Task objective
Return the count of lines in the records that include the string "font", and nothing besides it.

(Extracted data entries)
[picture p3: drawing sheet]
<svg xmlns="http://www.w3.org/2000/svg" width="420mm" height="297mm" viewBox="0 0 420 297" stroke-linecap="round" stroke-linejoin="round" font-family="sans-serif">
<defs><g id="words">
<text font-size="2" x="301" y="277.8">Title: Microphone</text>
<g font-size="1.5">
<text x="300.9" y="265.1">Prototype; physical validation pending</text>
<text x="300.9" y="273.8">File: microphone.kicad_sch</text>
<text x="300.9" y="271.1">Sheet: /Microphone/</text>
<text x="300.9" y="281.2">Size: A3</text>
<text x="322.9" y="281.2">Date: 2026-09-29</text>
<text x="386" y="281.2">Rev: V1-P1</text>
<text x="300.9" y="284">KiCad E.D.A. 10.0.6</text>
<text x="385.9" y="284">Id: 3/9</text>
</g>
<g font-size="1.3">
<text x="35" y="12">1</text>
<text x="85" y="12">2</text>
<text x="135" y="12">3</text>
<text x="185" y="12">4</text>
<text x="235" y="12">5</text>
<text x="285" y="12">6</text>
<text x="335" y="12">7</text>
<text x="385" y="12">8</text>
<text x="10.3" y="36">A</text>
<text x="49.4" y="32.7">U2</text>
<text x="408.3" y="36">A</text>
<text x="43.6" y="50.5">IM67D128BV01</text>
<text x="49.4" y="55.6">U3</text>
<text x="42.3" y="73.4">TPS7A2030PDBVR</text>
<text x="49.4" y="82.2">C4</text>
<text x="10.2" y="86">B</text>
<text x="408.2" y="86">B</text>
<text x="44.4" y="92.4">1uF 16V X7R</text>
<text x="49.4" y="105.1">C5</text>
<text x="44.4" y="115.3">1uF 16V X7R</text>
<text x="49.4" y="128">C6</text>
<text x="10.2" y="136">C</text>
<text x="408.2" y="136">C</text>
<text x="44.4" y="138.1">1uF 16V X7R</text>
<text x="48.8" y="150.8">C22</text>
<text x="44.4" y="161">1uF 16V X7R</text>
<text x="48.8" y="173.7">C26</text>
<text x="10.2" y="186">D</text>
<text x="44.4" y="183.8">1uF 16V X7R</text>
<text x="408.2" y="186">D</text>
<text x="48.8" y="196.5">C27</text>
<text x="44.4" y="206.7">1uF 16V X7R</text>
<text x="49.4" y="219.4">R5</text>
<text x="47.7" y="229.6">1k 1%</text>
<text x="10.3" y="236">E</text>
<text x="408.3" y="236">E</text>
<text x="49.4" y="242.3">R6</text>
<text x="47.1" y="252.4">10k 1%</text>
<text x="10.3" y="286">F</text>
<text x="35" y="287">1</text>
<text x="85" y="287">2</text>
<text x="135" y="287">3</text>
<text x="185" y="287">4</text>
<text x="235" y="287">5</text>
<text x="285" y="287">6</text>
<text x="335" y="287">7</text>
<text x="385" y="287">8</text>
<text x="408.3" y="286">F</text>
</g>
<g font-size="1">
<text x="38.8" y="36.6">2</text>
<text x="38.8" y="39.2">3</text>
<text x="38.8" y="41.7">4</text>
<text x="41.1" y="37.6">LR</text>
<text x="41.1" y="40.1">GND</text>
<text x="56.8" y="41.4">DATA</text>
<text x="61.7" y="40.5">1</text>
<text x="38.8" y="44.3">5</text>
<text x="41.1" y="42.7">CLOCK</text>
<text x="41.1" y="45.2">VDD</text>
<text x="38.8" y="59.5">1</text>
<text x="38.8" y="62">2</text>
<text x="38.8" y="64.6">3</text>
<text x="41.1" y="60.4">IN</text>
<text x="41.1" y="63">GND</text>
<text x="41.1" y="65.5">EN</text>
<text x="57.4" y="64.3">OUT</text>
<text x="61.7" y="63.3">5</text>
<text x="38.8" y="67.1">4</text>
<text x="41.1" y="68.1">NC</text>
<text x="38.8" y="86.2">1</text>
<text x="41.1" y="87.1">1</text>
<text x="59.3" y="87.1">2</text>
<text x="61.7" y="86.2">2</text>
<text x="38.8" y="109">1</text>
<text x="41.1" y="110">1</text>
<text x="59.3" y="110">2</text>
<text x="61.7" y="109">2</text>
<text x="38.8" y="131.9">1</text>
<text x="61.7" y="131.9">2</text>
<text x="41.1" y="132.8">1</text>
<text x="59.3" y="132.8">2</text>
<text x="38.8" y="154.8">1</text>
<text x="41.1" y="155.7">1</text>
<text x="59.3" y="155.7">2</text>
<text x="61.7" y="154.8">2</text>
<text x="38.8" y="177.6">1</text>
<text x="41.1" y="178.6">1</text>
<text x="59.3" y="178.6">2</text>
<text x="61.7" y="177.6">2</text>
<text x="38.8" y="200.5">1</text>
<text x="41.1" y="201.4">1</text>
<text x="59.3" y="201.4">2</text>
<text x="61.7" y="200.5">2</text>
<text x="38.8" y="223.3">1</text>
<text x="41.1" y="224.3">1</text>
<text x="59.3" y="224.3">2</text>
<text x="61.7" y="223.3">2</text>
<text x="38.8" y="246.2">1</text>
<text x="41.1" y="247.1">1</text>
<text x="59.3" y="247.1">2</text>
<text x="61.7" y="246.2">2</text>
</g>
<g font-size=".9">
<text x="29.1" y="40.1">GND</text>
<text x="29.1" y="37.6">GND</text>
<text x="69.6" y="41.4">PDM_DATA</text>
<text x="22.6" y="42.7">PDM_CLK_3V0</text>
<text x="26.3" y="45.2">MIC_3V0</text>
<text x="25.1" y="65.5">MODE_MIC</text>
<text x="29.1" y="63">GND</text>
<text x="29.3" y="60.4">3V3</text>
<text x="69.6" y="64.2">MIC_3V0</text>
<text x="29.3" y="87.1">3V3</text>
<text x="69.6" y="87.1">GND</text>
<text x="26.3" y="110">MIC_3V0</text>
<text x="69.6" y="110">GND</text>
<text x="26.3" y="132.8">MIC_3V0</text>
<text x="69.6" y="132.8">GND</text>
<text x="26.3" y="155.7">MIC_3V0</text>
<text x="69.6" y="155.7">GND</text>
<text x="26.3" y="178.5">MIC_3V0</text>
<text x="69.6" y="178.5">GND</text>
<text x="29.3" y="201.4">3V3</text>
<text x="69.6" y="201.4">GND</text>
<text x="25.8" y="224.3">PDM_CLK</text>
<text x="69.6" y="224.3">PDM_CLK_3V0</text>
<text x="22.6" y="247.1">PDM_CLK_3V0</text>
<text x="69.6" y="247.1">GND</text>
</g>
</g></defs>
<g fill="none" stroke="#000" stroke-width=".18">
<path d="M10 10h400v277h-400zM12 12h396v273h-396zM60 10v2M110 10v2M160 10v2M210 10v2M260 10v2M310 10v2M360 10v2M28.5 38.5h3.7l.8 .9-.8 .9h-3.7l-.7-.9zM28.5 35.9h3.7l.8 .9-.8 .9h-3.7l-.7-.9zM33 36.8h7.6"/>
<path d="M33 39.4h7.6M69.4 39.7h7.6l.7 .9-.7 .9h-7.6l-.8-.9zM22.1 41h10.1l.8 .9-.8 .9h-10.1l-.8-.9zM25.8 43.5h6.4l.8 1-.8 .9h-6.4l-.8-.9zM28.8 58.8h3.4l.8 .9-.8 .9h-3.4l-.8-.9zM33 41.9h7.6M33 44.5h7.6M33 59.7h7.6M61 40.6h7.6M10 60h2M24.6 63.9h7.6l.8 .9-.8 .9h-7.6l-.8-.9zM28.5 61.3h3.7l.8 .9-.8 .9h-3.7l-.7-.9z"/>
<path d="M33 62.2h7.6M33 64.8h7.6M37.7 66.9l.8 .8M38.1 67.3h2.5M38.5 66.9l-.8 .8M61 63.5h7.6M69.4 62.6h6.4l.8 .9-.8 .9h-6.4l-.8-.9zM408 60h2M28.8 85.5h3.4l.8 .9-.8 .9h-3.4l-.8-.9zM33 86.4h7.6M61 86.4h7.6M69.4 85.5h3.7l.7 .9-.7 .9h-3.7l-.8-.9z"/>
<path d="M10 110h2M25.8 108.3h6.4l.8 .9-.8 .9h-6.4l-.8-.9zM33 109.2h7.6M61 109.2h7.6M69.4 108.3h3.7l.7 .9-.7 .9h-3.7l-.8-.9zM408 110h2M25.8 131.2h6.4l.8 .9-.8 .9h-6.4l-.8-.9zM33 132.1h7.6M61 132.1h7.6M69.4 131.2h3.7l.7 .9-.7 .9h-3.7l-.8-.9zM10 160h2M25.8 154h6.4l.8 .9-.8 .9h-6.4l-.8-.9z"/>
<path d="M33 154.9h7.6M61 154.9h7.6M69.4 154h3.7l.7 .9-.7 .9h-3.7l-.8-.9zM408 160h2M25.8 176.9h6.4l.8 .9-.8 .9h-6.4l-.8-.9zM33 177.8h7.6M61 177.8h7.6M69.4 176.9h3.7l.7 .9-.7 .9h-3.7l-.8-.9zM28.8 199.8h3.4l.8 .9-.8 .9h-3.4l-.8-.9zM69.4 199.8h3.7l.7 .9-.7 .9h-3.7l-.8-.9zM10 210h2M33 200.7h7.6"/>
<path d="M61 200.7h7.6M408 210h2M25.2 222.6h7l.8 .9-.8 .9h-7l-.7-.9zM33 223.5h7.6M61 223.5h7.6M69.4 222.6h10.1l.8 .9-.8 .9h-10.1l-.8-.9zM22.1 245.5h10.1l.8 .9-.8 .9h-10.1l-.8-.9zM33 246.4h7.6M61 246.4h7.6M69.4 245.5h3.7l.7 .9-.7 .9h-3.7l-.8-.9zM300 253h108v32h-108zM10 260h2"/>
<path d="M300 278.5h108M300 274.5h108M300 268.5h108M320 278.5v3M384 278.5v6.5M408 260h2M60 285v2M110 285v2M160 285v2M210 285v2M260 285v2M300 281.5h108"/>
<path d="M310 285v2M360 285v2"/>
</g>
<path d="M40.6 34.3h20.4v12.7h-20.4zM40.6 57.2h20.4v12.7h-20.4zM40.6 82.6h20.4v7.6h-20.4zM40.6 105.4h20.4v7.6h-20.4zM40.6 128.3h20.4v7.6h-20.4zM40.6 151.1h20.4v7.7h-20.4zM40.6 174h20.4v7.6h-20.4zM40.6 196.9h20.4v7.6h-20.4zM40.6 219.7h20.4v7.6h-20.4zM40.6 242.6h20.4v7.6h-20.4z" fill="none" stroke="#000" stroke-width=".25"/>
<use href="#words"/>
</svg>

Task answer
6